I don't think he will even need our usual "bullet" measures of bactrim, nystatin and worming. Pooped really great several times from his parents feeding him but I guess he was seeking adventure and fell off the bridge.

Maggie


----------



## TAWhatley (Mar 6, 2001)

Sounds like a real little beauty, Maggie! I, too, have a new youngster .. mostly feathered but still a few little fuzzy yellow feather sprouts on the neck and head.

A lady called on Saturday about a pigeon lying on the sidewalk in a strip mall in Yorba Linda. Sad that she coudn't be troubled to pick the bird up and keep it safe until the bird could be gotten to me .. she had a family committment and just couldn't possibly do anything more than call about the bird. Poor little thing was out in the rain for hours until my friend, Anita, was able to go and get it. 

I think this one will be OK but may have paratyphoid .. wing joints seem swollen. It's not completely self feeding yet either, so definitely a new baby to care for here.

Terry


----------



## upcd (Mar 12, 2005)

*congratulations*

On the new babies. Good find. Best of blessing on parenting them.


----------



## dnrslucky1 (Oct 13, 2005)

Maggie, that is wonderfull!

Lucky you, a healthy fat baby! I wish you all the luck in the world, even tho I know you won't need it!

Terry!
Good thing that lady got ahold of you! I would never be to busy to help anything, but not all are like that! Thank God! I hope your baby does good and I know it will be in your care!

Denise


----------



## Feefo (Feb 8, 2002)

HI Maggie,

Well found!

He sounds like my Samson...I think Sammy fell from the nest because he and his sibling had grown too big for the space available. It is so comforting when you find a squeaker that has been so well looked after by his parents!

Cynthia


----------



## Maggie-NC (Jun 22, 2005)

Thanks all - Otis is a real dollbaby. We did not have to treat the little rascal for anything. He is wild as all get out - one of those that will probably never be very tame but he is so cute. He is still squealing which I just love to hear. We will probably have to keep him inside the house over winter because the nighttime temps are just too cold on him. He goes into the aviary every day though from about 11:30 until about 4:30 and when he comes in he is so tired he just eats and goes fast asleep for at least an hour. We only had to feed him formula about 3 days - started eating on his own really fast and has maintained his weight well. He is beside Mr. Humphries in the kitchen and will get against the wire and squeal at Mr. H who will in turn growl at him. 

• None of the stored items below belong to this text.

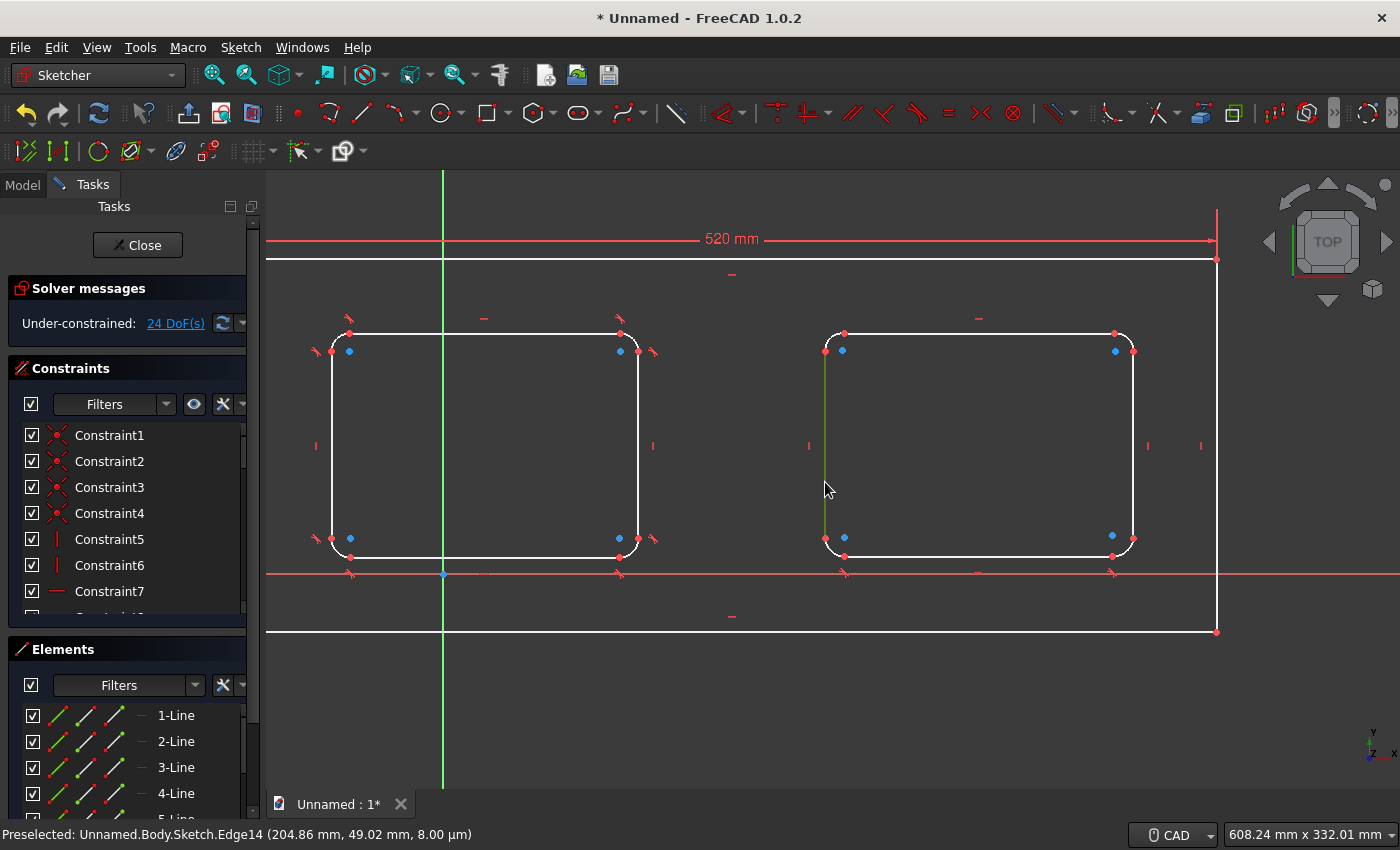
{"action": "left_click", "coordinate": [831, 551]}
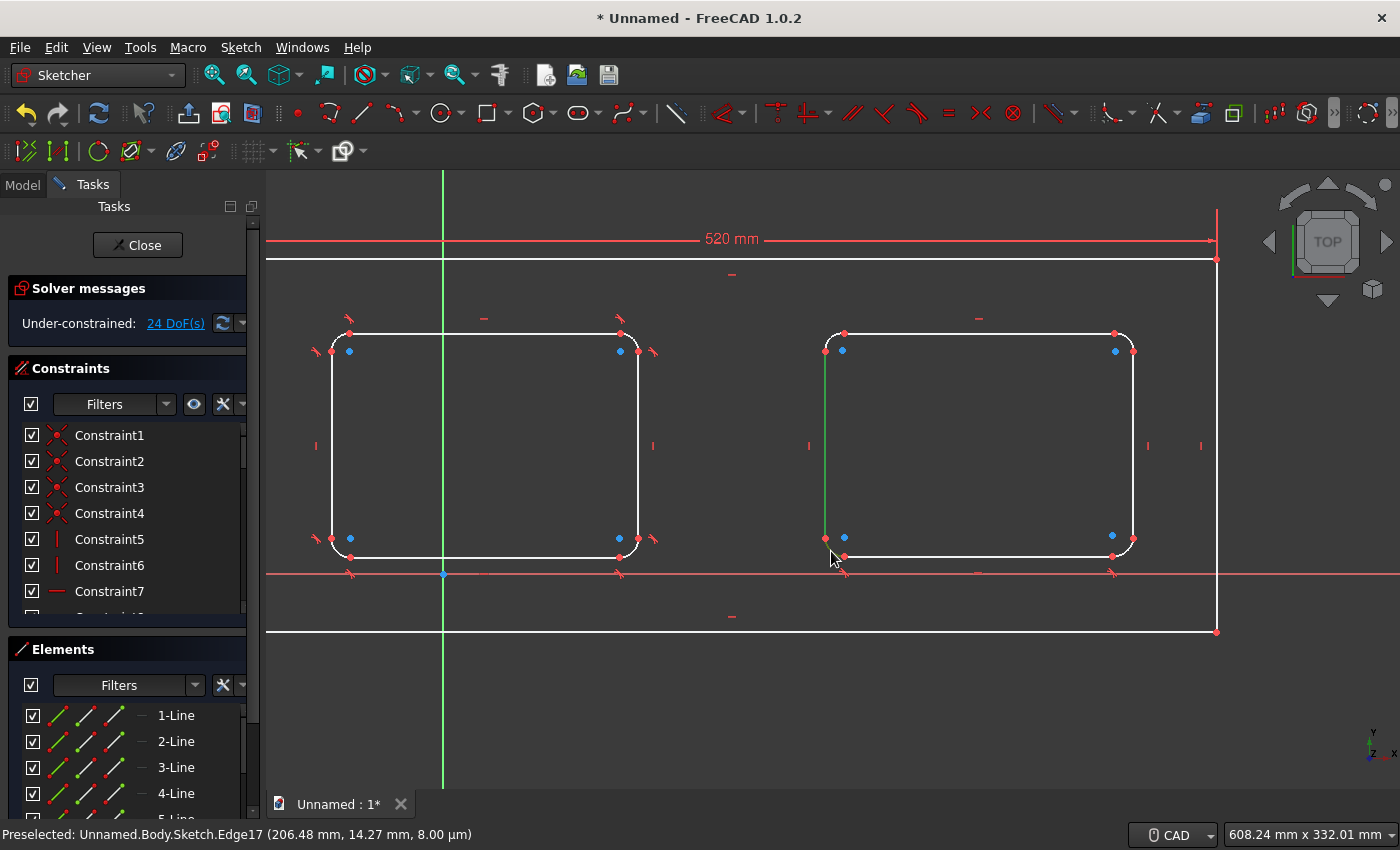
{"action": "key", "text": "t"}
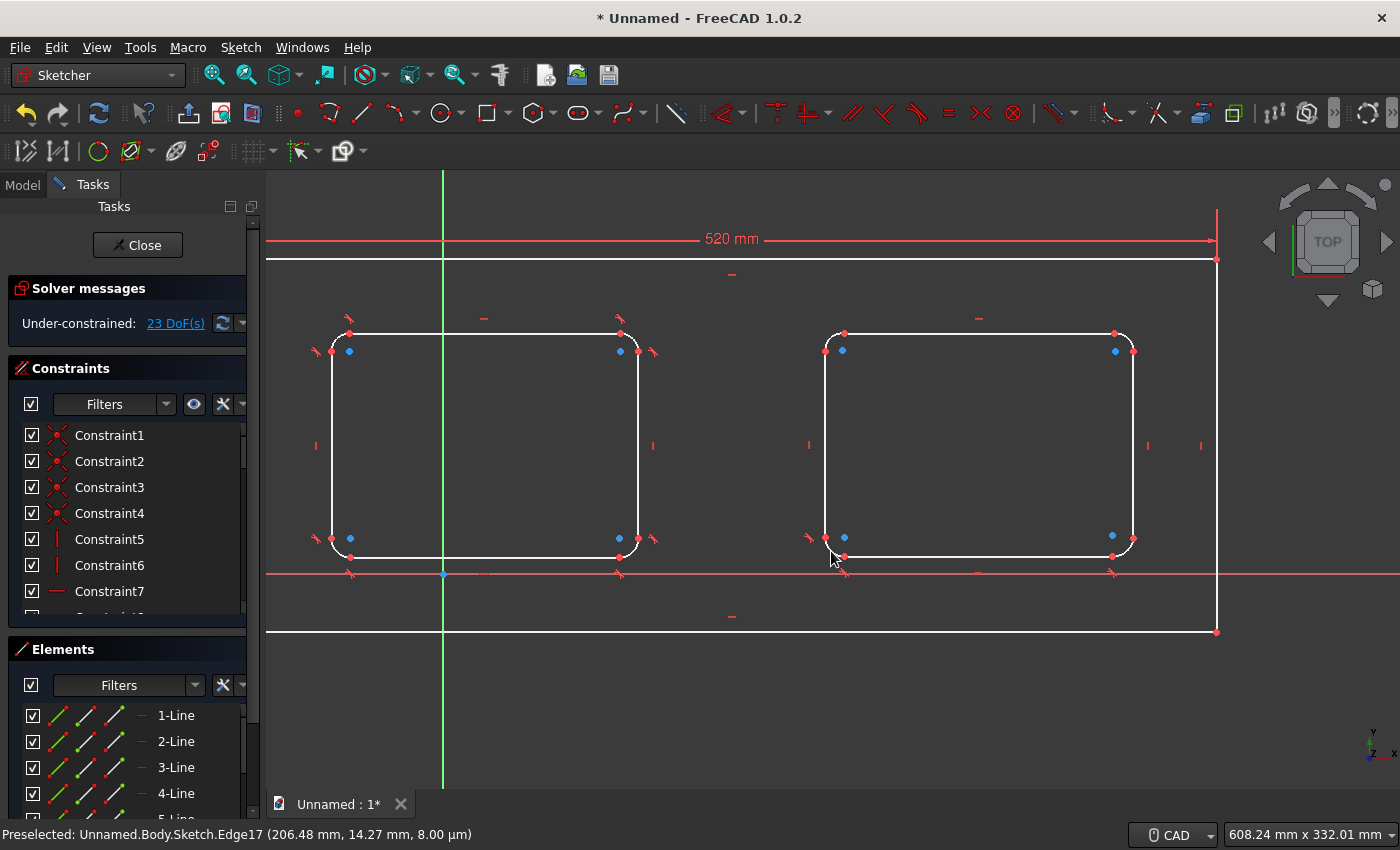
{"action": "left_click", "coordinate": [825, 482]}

I sat in the aviary an hour or so with them all this afternoon and he does great. The older birds don't bother he or Mr. H. I had the best time with them all - many in my lap until I made the mistake of forgetting I had slid further under a perch and, yep, right on the top of my head. Had to come in and wash my hair.  

I'm going to post pictures soon of Otis and Mr. H. Just got the digital camera I've wanted but still learning how to use it.

Luv, Maggie


----------



## Skyeking (Jan 17, 2003)

Maggie,

Well, congratulations on your doll babies. I'm sure it is a sheer joy to have one that is a healthy bundle. 

Terry, I know yours will do well in your hands.

Gee, I feel left out..mmm, gonna go kiss Skye.


----------



## Reti (Jul 20, 2003)

Lady Tarheel said:


> Picked up a new baby this morning. What a whopper! Weighs in at 308 grams.
> 
> 
> Maggie



Whoa, that is one big baby. 
Keep us updated on how much he will weight as an adult.


Terry, I am so glad baby is in your hands, poor thing.

Reti


----------



## mr squeaks (Apr 14, 2005)

*Mmmm, Lady Tarheel,*

do you think Otis will give ELLE a run for her money?  Well, probably not, but CONGRATS on your new one!!! Moral of the story, never sit under a pigeon...LOL 

Terri, I hope your little one does well...

I LOVE updates and will forward to BOTH!


----------